4. The method of claim 2, wherein the region size information includes a region bezel size and a region focal length size.

5. The method of any of claims 1-4, wherein the method further comprises:

According to the regional attribute information and the image characteristic data, determining image posture data of the real image in the image region;

and driving and displaying the virtual image according to the image posture data.

6. The method of claim 5, wherein the driving and displaying the avatar according to the avatar posture data comprises:

coding the image gesture data to a gesture hidden variable space to obtain gesture coding data;

decoding the gesture encoded data to a standard gesture space to obtain gesture decoded data;

driving and displaying the avatar according to the gesture decoding data;

the attitude hidden variable space is a feature space constructed by determining an attitude hidden variable of an attitude attribute in the image attitude data; the standard gesture space can restore the data of the determined gesture attribute in the image gesture data, and other data of irrelevant gesture attributes in the image gesture data are not contained in the corresponding restoring result; the gesture decoding data is the image gesture data of the reserved and decided gesture attribute part.

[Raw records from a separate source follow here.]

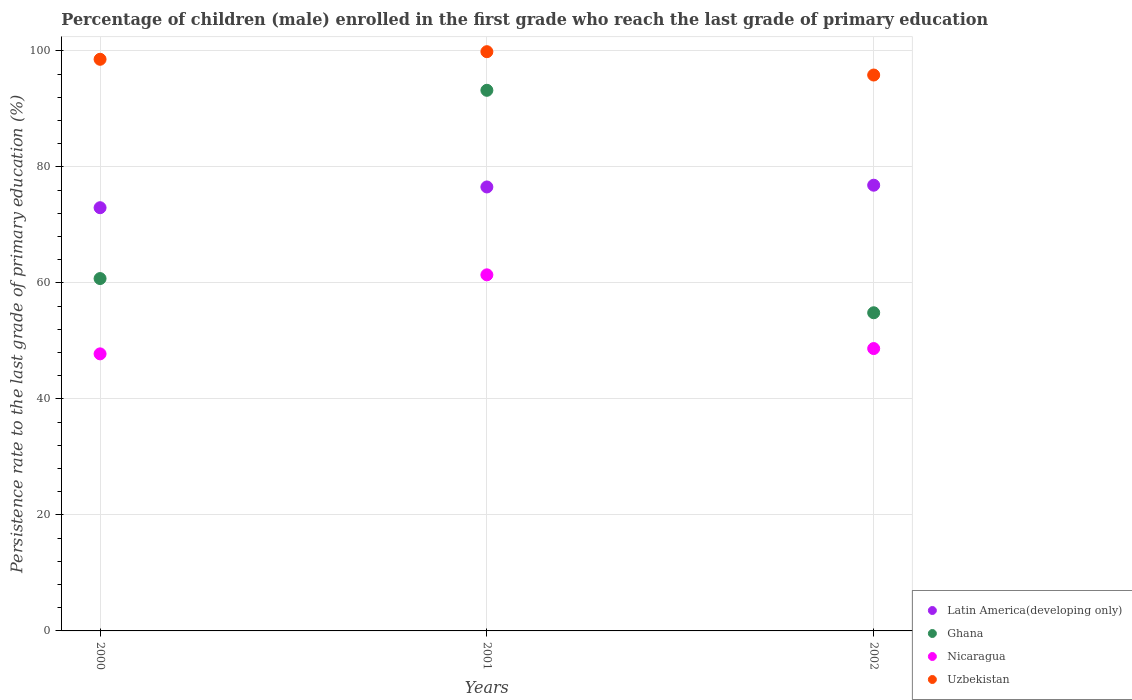Is the number of dotlines equal to the number of legend labels?
Your answer should be compact. Yes. What is the persistence rate of children in Latin America(developing only) in 2001?
Make the answer very short. 76.54. Across all years, what is the maximum persistence rate of children in Nicaragua?
Keep it short and to the point. 61.39. Across all years, what is the minimum persistence rate of children in Ghana?
Provide a succinct answer. 54.85. In which year was the persistence rate of children in Latin America(developing only) minimum?
Offer a very short reply. 2000. What is the total persistence rate of children in Ghana in the graph?
Your response must be concise. 208.8. What is the difference between the persistence rate of children in Ghana in 2000 and that in 2002?
Your response must be concise. 5.9. What is the difference between the persistence rate of children in Uzbekistan in 2002 and the persistence rate of children in Ghana in 2001?
Your response must be concise. 2.63. What is the average persistence rate of children in Uzbekistan per year?
Offer a very short reply. 98.08. In the year 2000, what is the difference between the persistence rate of children in Nicaragua and persistence rate of children in Ghana?
Give a very brief answer. -12.98. In how many years, is the persistence rate of children in Latin America(developing only) greater than 84 %?
Ensure brevity in your answer.  0. What is the ratio of the persistence rate of children in Ghana in 2000 to that in 2001?
Your answer should be compact. 0.65. What is the difference between the highest and the second highest persistence rate of children in Ghana?
Your response must be concise. 32.46. What is the difference between the highest and the lowest persistence rate of children in Nicaragua?
Offer a terse response. 13.62. Is the persistence rate of children in Uzbekistan strictly less than the persistence rate of children in Nicaragua over the years?
Give a very brief answer. No. How many dotlines are there?
Make the answer very short. 4. Are the values on the major ticks of Y-axis written in scientific E-notation?
Your response must be concise. No. Does the graph contain grids?
Keep it short and to the point. Yes. How many legend labels are there?
Offer a very short reply. 4. What is the title of the graph?
Offer a terse response. Percentage of children (male) enrolled in the first grade who reach the last grade of primary education. Does "Nepal" appear as one of the legend labels in the graph?
Make the answer very short. No. What is the label or title of the Y-axis?
Keep it short and to the point. Persistence rate to the last grade of primary education (%). What is the Persistence rate to the last grade of primary education (%) in Latin America(developing only) in 2000?
Your answer should be very brief. 72.96. What is the Persistence rate to the last grade of primary education (%) in Ghana in 2000?
Offer a very short reply. 60.75. What is the Persistence rate to the last grade of primary education (%) in Nicaragua in 2000?
Your answer should be compact. 47.77. What is the Persistence rate to the last grade of primary education (%) in Uzbekistan in 2000?
Ensure brevity in your answer.  98.55. What is the Persistence rate to the last grade of primary education (%) of Latin America(developing only) in 2001?
Offer a very short reply. 76.54. What is the Persistence rate to the last grade of primary education (%) of Ghana in 2001?
Make the answer very short. 93.2. What is the Persistence rate to the last grade of primary education (%) in Nicaragua in 2001?
Your response must be concise. 61.39. What is the Persistence rate to the last grade of primary education (%) in Uzbekistan in 2001?
Your answer should be compact. 99.86. What is the Persistence rate to the last grade of primary education (%) in Latin America(developing only) in 2002?
Your answer should be very brief. 76.84. What is the Persistence rate to the last grade of primary education (%) of Ghana in 2002?
Your answer should be very brief. 54.85. What is the Persistence rate to the last grade of primary education (%) of Nicaragua in 2002?
Your answer should be compact. 48.68. What is the Persistence rate to the last grade of primary education (%) of Uzbekistan in 2002?
Give a very brief answer. 95.84. Across all years, what is the maximum Persistence rate to the last grade of primary education (%) in Latin America(developing only)?
Provide a short and direct response. 76.84. Across all years, what is the maximum Persistence rate to the last grade of primary education (%) of Ghana?
Keep it short and to the point. 93.2. Across all years, what is the maximum Persistence rate to the last grade of primary education (%) of Nicaragua?
Ensure brevity in your answer.  61.39. Across all years, what is the maximum Persistence rate to the last grade of primary education (%) of Uzbekistan?
Give a very brief answer. 99.86. Across all years, what is the minimum Persistence rate to the last grade of primary education (%) of Latin America(developing only)?
Provide a succinct answer. 72.96. Across all years, what is the minimum Persistence rate to the last grade of primary education (%) in Ghana?
Make the answer very short. 54.85. Across all years, what is the minimum Persistence rate to the last grade of primary education (%) in Nicaragua?
Offer a terse response. 47.77. Across all years, what is the minimum Persistence rate to the last grade of primary education (%) of Uzbekistan?
Offer a very short reply. 95.84. What is the total Persistence rate to the last grade of primary education (%) in Latin America(developing only) in the graph?
Offer a terse response. 226.35. What is the total Persistence rate to the last grade of primary education (%) of Ghana in the graph?
Your answer should be very brief. 208.8. What is the total Persistence rate to the last grade of primary education (%) in Nicaragua in the graph?
Give a very brief answer. 157.84. What is the total Persistence rate to the last grade of primary education (%) of Uzbekistan in the graph?
Give a very brief answer. 294.25. What is the difference between the Persistence rate to the last grade of primary education (%) in Latin America(developing only) in 2000 and that in 2001?
Ensure brevity in your answer.  -3.58. What is the difference between the Persistence rate to the last grade of primary education (%) of Ghana in 2000 and that in 2001?
Offer a terse response. -32.46. What is the difference between the Persistence rate to the last grade of primary education (%) of Nicaragua in 2000 and that in 2001?
Offer a very short reply. -13.62. What is the difference between the Persistence rate to the last grade of primary education (%) in Uzbekistan in 2000 and that in 2001?
Give a very brief answer. -1.31. What is the difference between the Persistence rate to the last grade of primary education (%) in Latin America(developing only) in 2000 and that in 2002?
Keep it short and to the point. -3.88. What is the difference between the Persistence rate to the last grade of primary education (%) of Ghana in 2000 and that in 2002?
Provide a succinct answer. 5.9. What is the difference between the Persistence rate to the last grade of primary education (%) of Nicaragua in 2000 and that in 2002?
Your answer should be compact. -0.91. What is the difference between the Persistence rate to the last grade of primary education (%) in Uzbekistan in 2000 and that in 2002?
Your answer should be very brief. 2.71. What is the difference between the Persistence rate to the last grade of primary education (%) of Latin America(developing only) in 2001 and that in 2002?
Give a very brief answer. -0.3. What is the difference between the Persistence rate to the last grade of primary education (%) of Ghana in 2001 and that in 2002?
Provide a short and direct response. 38.35. What is the difference between the Persistence rate to the last grade of primary education (%) in Nicaragua in 2001 and that in 2002?
Offer a terse response. 12.71. What is the difference between the Persistence rate to the last grade of primary education (%) of Uzbekistan in 2001 and that in 2002?
Your answer should be very brief. 4.02. What is the difference between the Persistence rate to the last grade of primary education (%) of Latin America(developing only) in 2000 and the Persistence rate to the last grade of primary education (%) of Ghana in 2001?
Provide a short and direct response. -20.24. What is the difference between the Persistence rate to the last grade of primary education (%) of Latin America(developing only) in 2000 and the Persistence rate to the last grade of primary education (%) of Nicaragua in 2001?
Your answer should be very brief. 11.57. What is the difference between the Persistence rate to the last grade of primary education (%) of Latin America(developing only) in 2000 and the Persistence rate to the last grade of primary education (%) of Uzbekistan in 2001?
Offer a very short reply. -26.9. What is the difference between the Persistence rate to the last grade of primary education (%) in Ghana in 2000 and the Persistence rate to the last grade of primary education (%) in Nicaragua in 2001?
Your answer should be very brief. -0.64. What is the difference between the Persistence rate to the last grade of primary education (%) of Ghana in 2000 and the Persistence rate to the last grade of primary education (%) of Uzbekistan in 2001?
Your answer should be compact. -39.11. What is the difference between the Persistence rate to the last grade of primary education (%) in Nicaragua in 2000 and the Persistence rate to the last grade of primary education (%) in Uzbekistan in 2001?
Your answer should be compact. -52.1. What is the difference between the Persistence rate to the last grade of primary education (%) of Latin America(developing only) in 2000 and the Persistence rate to the last grade of primary education (%) of Ghana in 2002?
Your response must be concise. 18.11. What is the difference between the Persistence rate to the last grade of primary education (%) of Latin America(developing only) in 2000 and the Persistence rate to the last grade of primary education (%) of Nicaragua in 2002?
Provide a short and direct response. 24.28. What is the difference between the Persistence rate to the last grade of primary education (%) in Latin America(developing only) in 2000 and the Persistence rate to the last grade of primary education (%) in Uzbekistan in 2002?
Offer a very short reply. -22.87. What is the difference between the Persistence rate to the last grade of primary education (%) in Ghana in 2000 and the Persistence rate to the last grade of primary education (%) in Nicaragua in 2002?
Provide a short and direct response. 12.07. What is the difference between the Persistence rate to the last grade of primary education (%) of Ghana in 2000 and the Persistence rate to the last grade of primary education (%) of Uzbekistan in 2002?
Make the answer very short. -35.09. What is the difference between the Persistence rate to the last grade of primary education (%) of Nicaragua in 2000 and the Persistence rate to the last grade of primary education (%) of Uzbekistan in 2002?
Keep it short and to the point. -48.07. What is the difference between the Persistence rate to the last grade of primary education (%) in Latin America(developing only) in 2001 and the Persistence rate to the last grade of primary education (%) in Ghana in 2002?
Your answer should be compact. 21.69. What is the difference between the Persistence rate to the last grade of primary education (%) in Latin America(developing only) in 2001 and the Persistence rate to the last grade of primary education (%) in Nicaragua in 2002?
Offer a terse response. 27.86. What is the difference between the Persistence rate to the last grade of primary education (%) in Latin America(developing only) in 2001 and the Persistence rate to the last grade of primary education (%) in Uzbekistan in 2002?
Your response must be concise. -19.3. What is the difference between the Persistence rate to the last grade of primary education (%) in Ghana in 2001 and the Persistence rate to the last grade of primary education (%) in Nicaragua in 2002?
Ensure brevity in your answer.  44.52. What is the difference between the Persistence rate to the last grade of primary education (%) of Ghana in 2001 and the Persistence rate to the last grade of primary education (%) of Uzbekistan in 2002?
Provide a succinct answer. -2.63. What is the difference between the Persistence rate to the last grade of primary education (%) in Nicaragua in 2001 and the Persistence rate to the last grade of primary education (%) in Uzbekistan in 2002?
Your response must be concise. -34.45. What is the average Persistence rate to the last grade of primary education (%) of Latin America(developing only) per year?
Provide a short and direct response. 75.45. What is the average Persistence rate to the last grade of primary education (%) of Ghana per year?
Offer a terse response. 69.6. What is the average Persistence rate to the last grade of primary education (%) of Nicaragua per year?
Your response must be concise. 52.61. What is the average Persistence rate to the last grade of primary education (%) of Uzbekistan per year?
Provide a succinct answer. 98.08. In the year 2000, what is the difference between the Persistence rate to the last grade of primary education (%) in Latin America(developing only) and Persistence rate to the last grade of primary education (%) in Ghana?
Provide a short and direct response. 12.22. In the year 2000, what is the difference between the Persistence rate to the last grade of primary education (%) of Latin America(developing only) and Persistence rate to the last grade of primary education (%) of Nicaragua?
Offer a terse response. 25.2. In the year 2000, what is the difference between the Persistence rate to the last grade of primary education (%) of Latin America(developing only) and Persistence rate to the last grade of primary education (%) of Uzbekistan?
Provide a short and direct response. -25.59. In the year 2000, what is the difference between the Persistence rate to the last grade of primary education (%) of Ghana and Persistence rate to the last grade of primary education (%) of Nicaragua?
Provide a short and direct response. 12.98. In the year 2000, what is the difference between the Persistence rate to the last grade of primary education (%) in Ghana and Persistence rate to the last grade of primary education (%) in Uzbekistan?
Ensure brevity in your answer.  -37.8. In the year 2000, what is the difference between the Persistence rate to the last grade of primary education (%) in Nicaragua and Persistence rate to the last grade of primary education (%) in Uzbekistan?
Your response must be concise. -50.78. In the year 2001, what is the difference between the Persistence rate to the last grade of primary education (%) of Latin America(developing only) and Persistence rate to the last grade of primary education (%) of Ghana?
Ensure brevity in your answer.  -16.66. In the year 2001, what is the difference between the Persistence rate to the last grade of primary education (%) in Latin America(developing only) and Persistence rate to the last grade of primary education (%) in Nicaragua?
Offer a very short reply. 15.15. In the year 2001, what is the difference between the Persistence rate to the last grade of primary education (%) in Latin America(developing only) and Persistence rate to the last grade of primary education (%) in Uzbekistan?
Your answer should be very brief. -23.32. In the year 2001, what is the difference between the Persistence rate to the last grade of primary education (%) in Ghana and Persistence rate to the last grade of primary education (%) in Nicaragua?
Your answer should be very brief. 31.81. In the year 2001, what is the difference between the Persistence rate to the last grade of primary education (%) in Ghana and Persistence rate to the last grade of primary education (%) in Uzbekistan?
Your answer should be very brief. -6.66. In the year 2001, what is the difference between the Persistence rate to the last grade of primary education (%) of Nicaragua and Persistence rate to the last grade of primary education (%) of Uzbekistan?
Offer a very short reply. -38.47. In the year 2002, what is the difference between the Persistence rate to the last grade of primary education (%) of Latin America(developing only) and Persistence rate to the last grade of primary education (%) of Ghana?
Offer a terse response. 21.99. In the year 2002, what is the difference between the Persistence rate to the last grade of primary education (%) in Latin America(developing only) and Persistence rate to the last grade of primary education (%) in Nicaragua?
Provide a short and direct response. 28.16. In the year 2002, what is the difference between the Persistence rate to the last grade of primary education (%) in Latin America(developing only) and Persistence rate to the last grade of primary education (%) in Uzbekistan?
Offer a terse response. -18.99. In the year 2002, what is the difference between the Persistence rate to the last grade of primary education (%) of Ghana and Persistence rate to the last grade of primary education (%) of Nicaragua?
Make the answer very short. 6.17. In the year 2002, what is the difference between the Persistence rate to the last grade of primary education (%) of Ghana and Persistence rate to the last grade of primary education (%) of Uzbekistan?
Make the answer very short. -40.99. In the year 2002, what is the difference between the Persistence rate to the last grade of primary education (%) in Nicaragua and Persistence rate to the last grade of primary education (%) in Uzbekistan?
Your answer should be very brief. -47.16. What is the ratio of the Persistence rate to the last grade of primary education (%) in Latin America(developing only) in 2000 to that in 2001?
Provide a short and direct response. 0.95. What is the ratio of the Persistence rate to the last grade of primary education (%) in Ghana in 2000 to that in 2001?
Keep it short and to the point. 0.65. What is the ratio of the Persistence rate to the last grade of primary education (%) in Nicaragua in 2000 to that in 2001?
Your answer should be very brief. 0.78. What is the ratio of the Persistence rate to the last grade of primary education (%) of Uzbekistan in 2000 to that in 2001?
Your answer should be very brief. 0.99. What is the ratio of the Persistence rate to the last grade of primary education (%) of Latin America(developing only) in 2000 to that in 2002?
Provide a succinct answer. 0.95. What is the ratio of the Persistence rate to the last grade of primary education (%) of Ghana in 2000 to that in 2002?
Offer a terse response. 1.11. What is the ratio of the Persistence rate to the last grade of primary education (%) in Nicaragua in 2000 to that in 2002?
Offer a terse response. 0.98. What is the ratio of the Persistence rate to the last grade of primary education (%) of Uzbekistan in 2000 to that in 2002?
Provide a short and direct response. 1.03. What is the ratio of the Persistence rate to the last grade of primary education (%) of Ghana in 2001 to that in 2002?
Ensure brevity in your answer.  1.7. What is the ratio of the Persistence rate to the last grade of primary education (%) in Nicaragua in 2001 to that in 2002?
Your response must be concise. 1.26. What is the ratio of the Persistence rate to the last grade of primary education (%) of Uzbekistan in 2001 to that in 2002?
Provide a succinct answer. 1.04. What is the difference between the highest and the second highest Persistence rate to the last grade of primary education (%) in Latin America(developing only)?
Keep it short and to the point. 0.3. What is the difference between the highest and the second highest Persistence rate to the last grade of primary education (%) in Ghana?
Keep it short and to the point. 32.46. What is the difference between the highest and the second highest Persistence rate to the last grade of primary education (%) in Nicaragua?
Keep it short and to the point. 12.71. What is the difference between the highest and the second highest Persistence rate to the last grade of primary education (%) of Uzbekistan?
Keep it short and to the point. 1.31. What is the difference between the highest and the lowest Persistence rate to the last grade of primary education (%) in Latin America(developing only)?
Offer a very short reply. 3.88. What is the difference between the highest and the lowest Persistence rate to the last grade of primary education (%) of Ghana?
Your answer should be compact. 38.35. What is the difference between the highest and the lowest Persistence rate to the last grade of primary education (%) of Nicaragua?
Provide a short and direct response. 13.62. What is the difference between the highest and the lowest Persistence rate to the last grade of primary education (%) of Uzbekistan?
Ensure brevity in your answer.  4.02.

7. An avatar driving apparatus, comprising:

the original picture frame acquisition module is used for acquiring an original picture frame comprising a real image;

The image area determining module is used for determining an image area of the real image in the original picture frame and image characteristic data carried by the image area;

the virtual displacement data determining module is used for determining virtual displacement data of the real image corresponding to the virtual image in a virtual space under the perspective projection condition according to the region attribute information of the image region and the image characteristic data; the global two-dimensional space where the original picture frame is located is a transmission projection result of the virtual space;

the driving display module is used for driving and displaying the virtual image according to the virtual displacement data;

wherein, drive show module includes:

the displacement driving display unit is used for driving and displaying the virtual image according to the displacement decoding data;

8. The apparatus of claim 7, wherein the region attribute information includes region size information and region position information;

the virtual displacement data determining module includes:

9. The apparatus of claim 8, wherein the virtual displacement data determination unit comprises:

10. The apparatus of claim 8, wherein the region size information comprises a region bezel size and a region focal length size.

11. The apparatus according to any one of claims 7-10, wherein the apparatus further comprises:

12. The apparatus of claim 11, wherein the drive presentation module further comprises:

The gesture drive display unit is used for driving and displaying the virtual image according to the gesture decoding data;

13. An electronic device, comprising:

at least one processor; and

a memory communicatively coupled to the at least one processor; wherein,,

the memory stores instructions executable by the at least one processor to enable the at least one processor to perform the avatar driving method of any one of claims 1-6.

14. A non-transitory computer-readable storage medium storing computer instructions for causing a computer to perform the avatar driving method according to any one of claims 1 to 6.